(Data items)
________________________________________

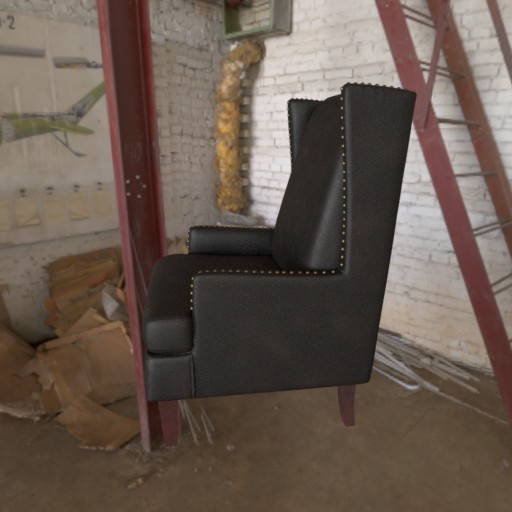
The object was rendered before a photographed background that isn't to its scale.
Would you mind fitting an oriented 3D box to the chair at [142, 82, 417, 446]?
[{"bbox_3d":[0.000,0.000,1.628,0.799,1.142,0.703,-3,16,-9],"label":"chair"}]
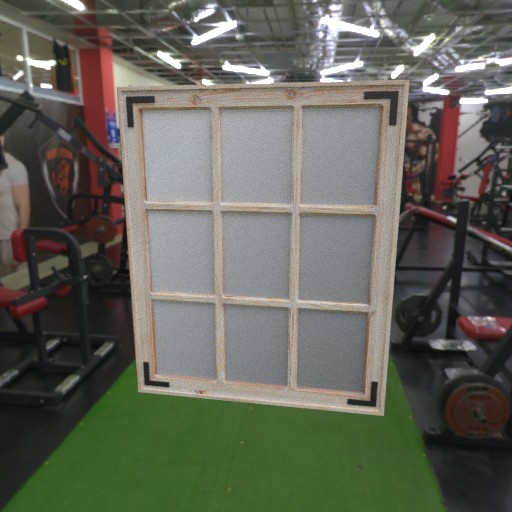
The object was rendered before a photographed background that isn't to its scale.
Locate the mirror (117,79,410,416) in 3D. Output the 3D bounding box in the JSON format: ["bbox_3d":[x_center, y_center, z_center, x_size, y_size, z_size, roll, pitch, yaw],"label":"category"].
[{"bbox_3d":[0.000,0.000,1.211,0.730,0.882,0.032,2,14,10],"label":"mirror"}]

________________________________________

### Task goal
All of the data should be returned word for word, with each picture left out.

### Result
The object was rendered before a photographed background that isn't to its scale.
Would you mind fitting an oriented 3D box to the chair at [142, 82, 417, 446]?
[{"bbox_3d":[0.000,0.000,1.628,0.799,1.142,0.703,-3,16,-9],"label":"chair"}]
The object was rendered before a photographed background that isn't to its scale.
Locate the mirror (117,79,410,416) in 3D. Output the 3D bounding box in the JSON format: ["bbox_3d":[x_center, y_center, z_center, x_size, y_size, z_size, roll, pitch, yaw],"label":"category"].
[{"bbox_3d":[0.000,0.000,1.211,0.730,0.882,0.032,2,14,10],"label":"mirror"}]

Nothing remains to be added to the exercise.